What is expected: In the entries below, find the line with "#3 person (738,300,798,510)" and the line with "#5 person (1277,572,1384,828)"; give again those lines and every line between them, exactly.

Dataset excerpts:
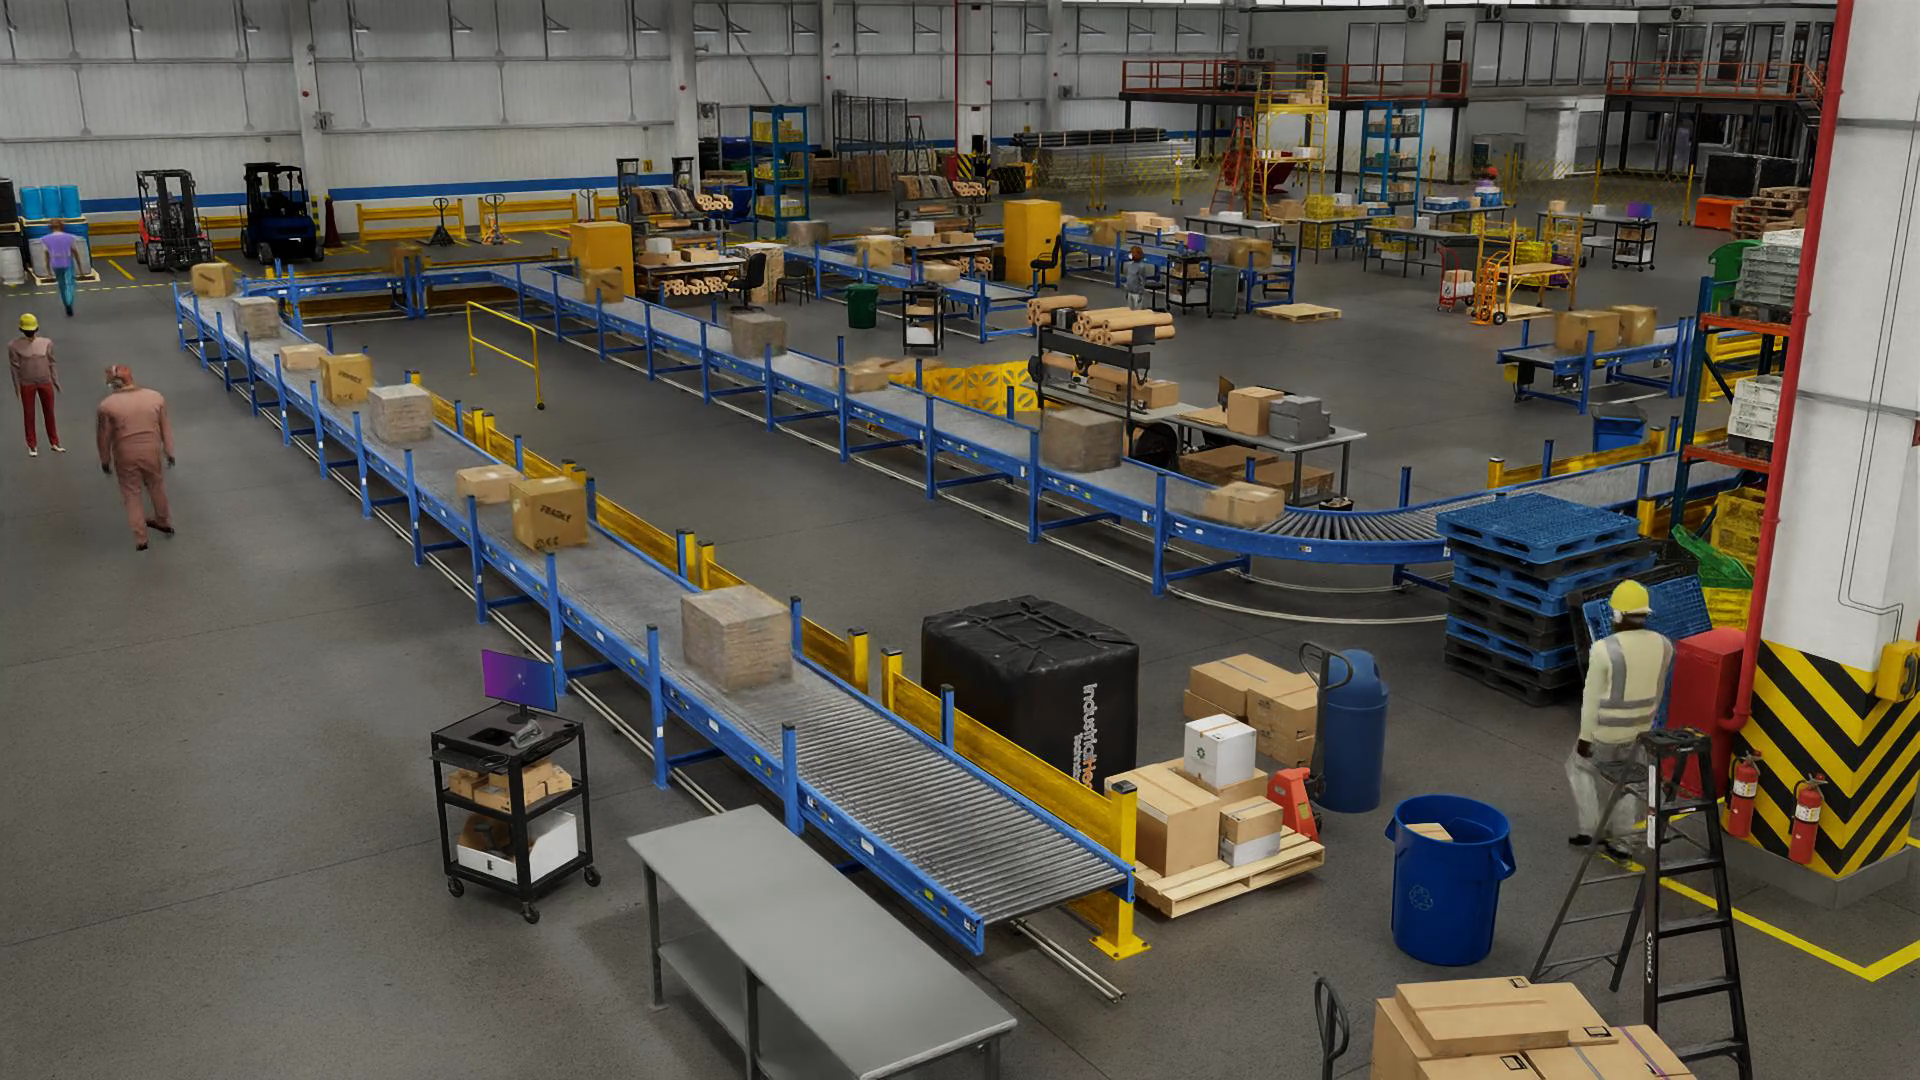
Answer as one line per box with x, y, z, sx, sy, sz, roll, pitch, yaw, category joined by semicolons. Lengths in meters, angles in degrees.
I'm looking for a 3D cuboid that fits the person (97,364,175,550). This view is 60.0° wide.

--

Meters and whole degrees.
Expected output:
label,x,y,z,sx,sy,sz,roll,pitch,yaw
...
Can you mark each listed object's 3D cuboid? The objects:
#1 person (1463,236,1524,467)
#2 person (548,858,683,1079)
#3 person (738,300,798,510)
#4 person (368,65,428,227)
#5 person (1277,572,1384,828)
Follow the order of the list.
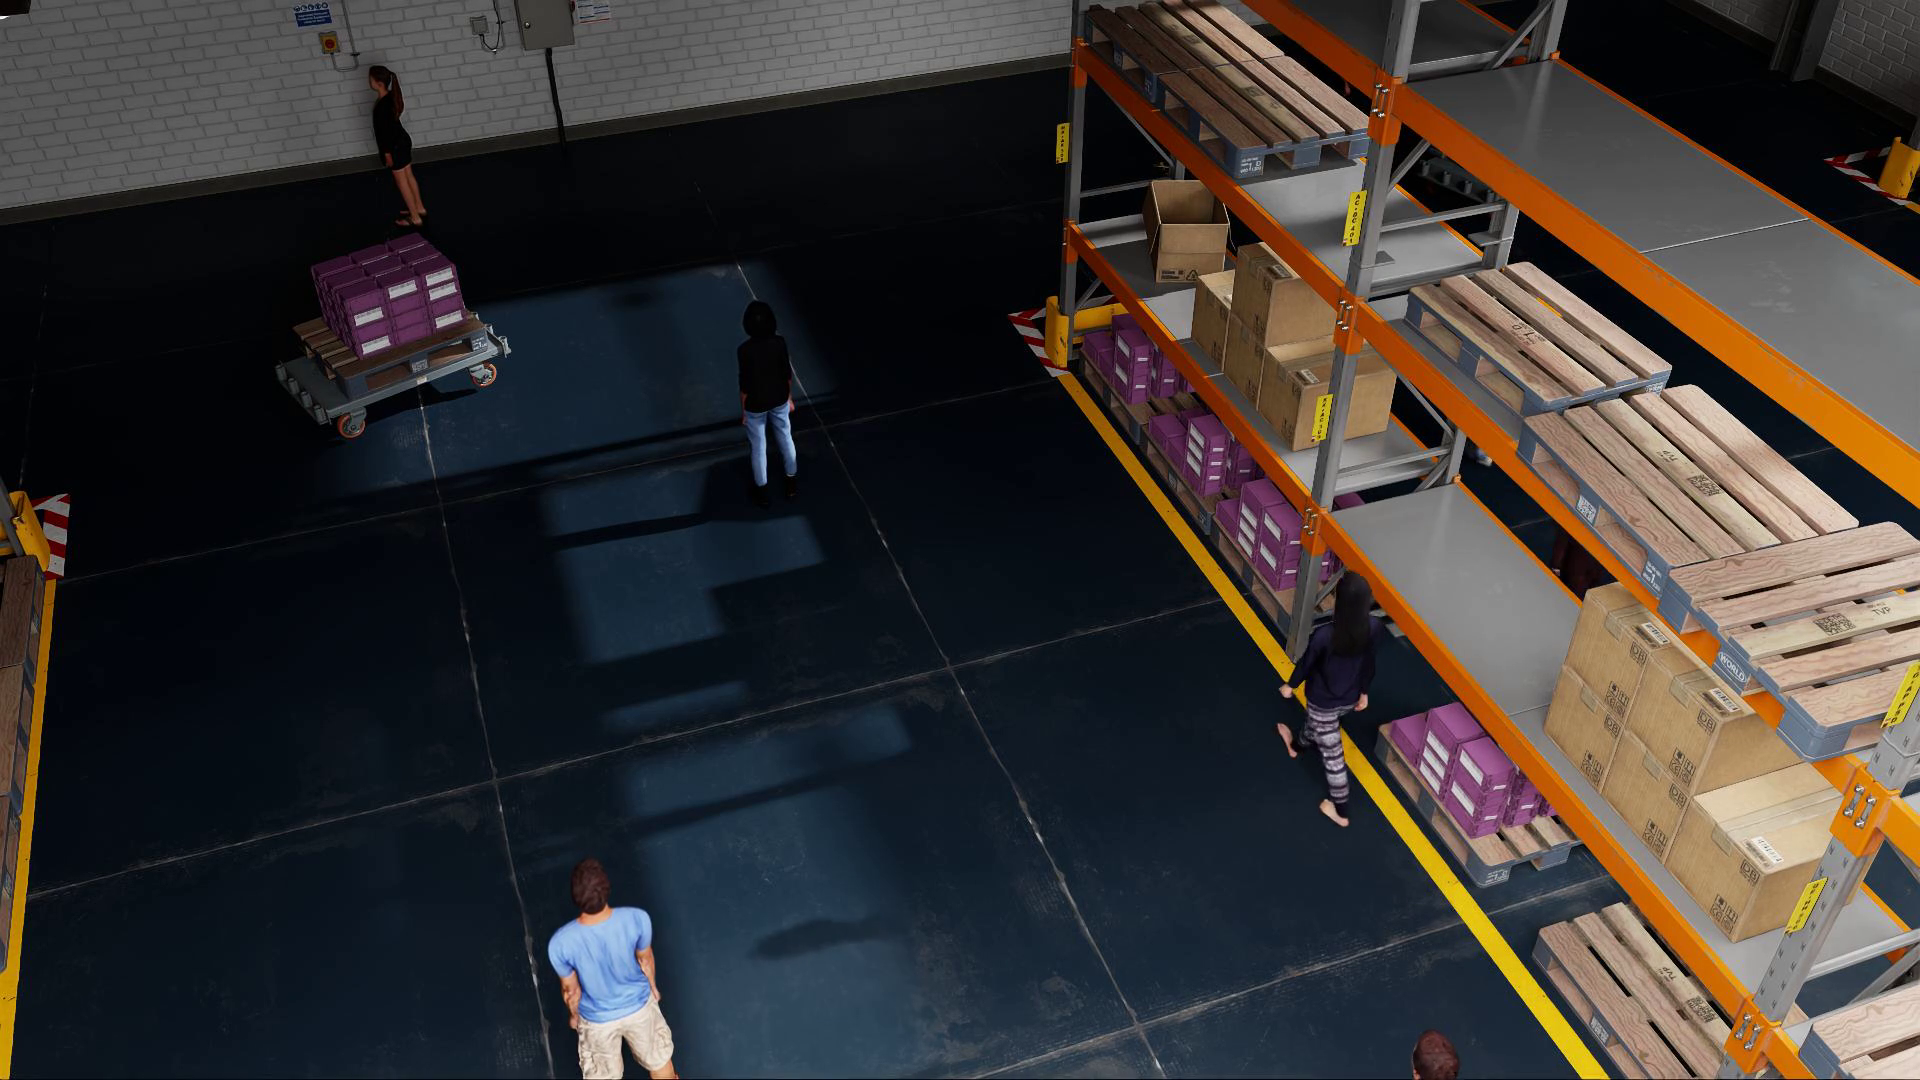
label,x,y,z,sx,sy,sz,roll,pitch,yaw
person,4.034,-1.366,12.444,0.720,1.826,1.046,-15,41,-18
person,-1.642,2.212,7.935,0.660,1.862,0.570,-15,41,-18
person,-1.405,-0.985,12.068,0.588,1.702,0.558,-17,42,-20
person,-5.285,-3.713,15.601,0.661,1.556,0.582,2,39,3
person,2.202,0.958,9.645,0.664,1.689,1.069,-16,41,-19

Result:
#3 person (738,300,798,510)
#4 person (368,65,428,227)
#5 person (1277,572,1384,828)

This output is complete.